Продолжим работу с данными, которые были использованы в ДЗ2 и 3, продолжим решать задачу обнаружения мошеннических транзакций, что позволит получить полное решение задачи / полный пайплайн.

In [99]:
import numpy as np
import pandas as pd

from sklearn.metrics import roc_auc_score
from sklearn.model_selection import KFold 
from sklearn.model_selection import train_test_split 
from sklearn.preprocessing import LabelEncoder
import lightgbm as lgb

pd.options.display.max_columns = 450
import warnings
warnings.simplefilter("ignore")

**Подготовим данные**

In [None]:
data = pd.read_csv('./data/assignment_2_train.csv')
lb = pd.read_csv('./data/assignment_2_test.csv')

In [None]:
X_data = data.drop('isFraud', axis=1)
y_data = data['isFraud']
X_lb = lb.drop('isFraud', axis=1)
y_lb = lb['isFraud']

In [None]:
result = pd.DataFrame(columns=['train_mean', 'train_std', 'valid_mean', 'valid_std', 'valid_conf_interval','auc_lb'])

## Обучить и провалидировать модель

**Задание 0:** выбрать любую модель машинного обучения и зафиксировать любой тип валидации. Обучить базовую модель и зафиксировать базовое качество модели. В каждом следующем задании нужно будет обучить выбранную модель и оценивать ее качество на зафиксированной схеме валидации. После каждого задания, требуется сделать вывод о достигаемом качестве модели, по сравнению с качестом из предыдущего шага.

In [101]:
def evaluation_model(X, y, lb_X, lb_y, operation=None):
    
    # Преобразование категориальных признаков
    cat_features = X.select_dtypes(exclude=np.number).columns.to_list()
    X[cat_features] = X[cat_features].astype('category')
    lb_X[cat_features] = lb_X[cat_features].astype('category')
    
    # Обучение модели
    X_train, X_valid = train_test_split(X, train_size=0.7, shuffle=True, random_state=5)
    y_train, y_valid = train_test_split(y, train_size=0.7, shuffle=True, random_state=5)

    model = lgb.LGBMClassifier(objective="binary", n_estimators=1000, random_state=5)

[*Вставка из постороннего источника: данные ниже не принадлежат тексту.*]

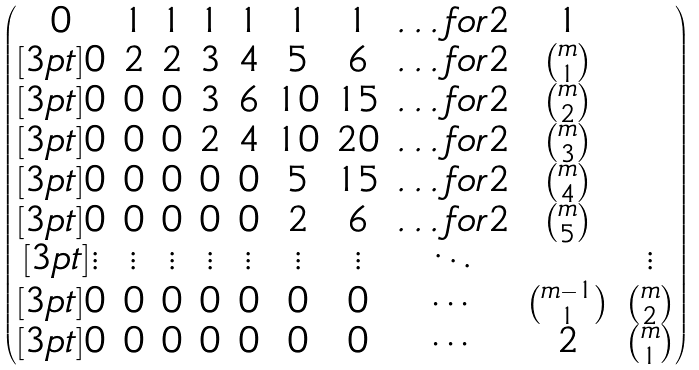<formula> <loc_0><loc_0><loc_500><loc_500>\begin{pmatrix} 0 & 1 & 1 & 1 & 1 & 1 & 1 & \hdots f o r { 2 } & 1 \\ [ 3 p t ] 0 & 2 & 2 & 3 & 4 & 5 & 6 & \hdots f o r { 2 } & \binom { m } { 1 } \\ [ 3 p t ] 0 & 0 & 0 & 3 & 6 & 1 0 & 1 5 & \hdots f o r { 2 } & \binom { m } { 2 } \\ [ 3 p t ] 0 & 0 & 0 & 2 & 4 & 1 0 & 2 0 & \hdots f o r { 2 } & \binom { m } { 3 } \\ [ 3 p t ] 0 & 0 & 0 & 0 & 0 & 5 & 1 5 & \hdots f o r { 2 } & \binom { m } { 4 } \\ [ 3 p t ] 0 & 0 & 0 & 0 & 0 & 2 & 6 & \hdots f o r { 2 } & \binom { m } { 5 } \\ [ 3 p t ] \vdots & \vdots & \vdots & \vdots & \vdots & \vdots & \vdots & \ddots & & \vdots \\ [ 3 p t ] 0 & 0 & 0 & 0 & 0 & 0 & 0 & \cdots & \binom { m - 1 } 1 & \binom { m } { 2 } \\ [ 3 p t ] 0 & 0 & 0 & 0 & 0 & 0 & 0 & \cdots & 2 & \binom { m } { 1 } \end{pmatrix}</formula>

    model.fit(X=X_train, y=y_train,
                eval_set=[(X_train, y_train), (X_valid, y_valid)],
                categorical_feature=cat_features, # "auto",
                early_stopping_rounds=25,
                eval_metric="auc",
                verbose=100)
    
    # Кросс-валидация
    fold_train_scores, fold_valid_scores = [], []
    
    cv_strategy = KFold(n_splits=5, random_state=1)
    
    for fold_number, (train_idx, valid_idx) in enumerate(cv_strategy.split(X, y)):
        X_train, X_valid = X.loc[train_idx], X.loc[valid_idx]
        y_train, y_valid = y.loc[train_idx], y.loc[valid_idx]

        y_train_pred = model.predict(X_train)
        y_valid_pred = model.predict(X_valid)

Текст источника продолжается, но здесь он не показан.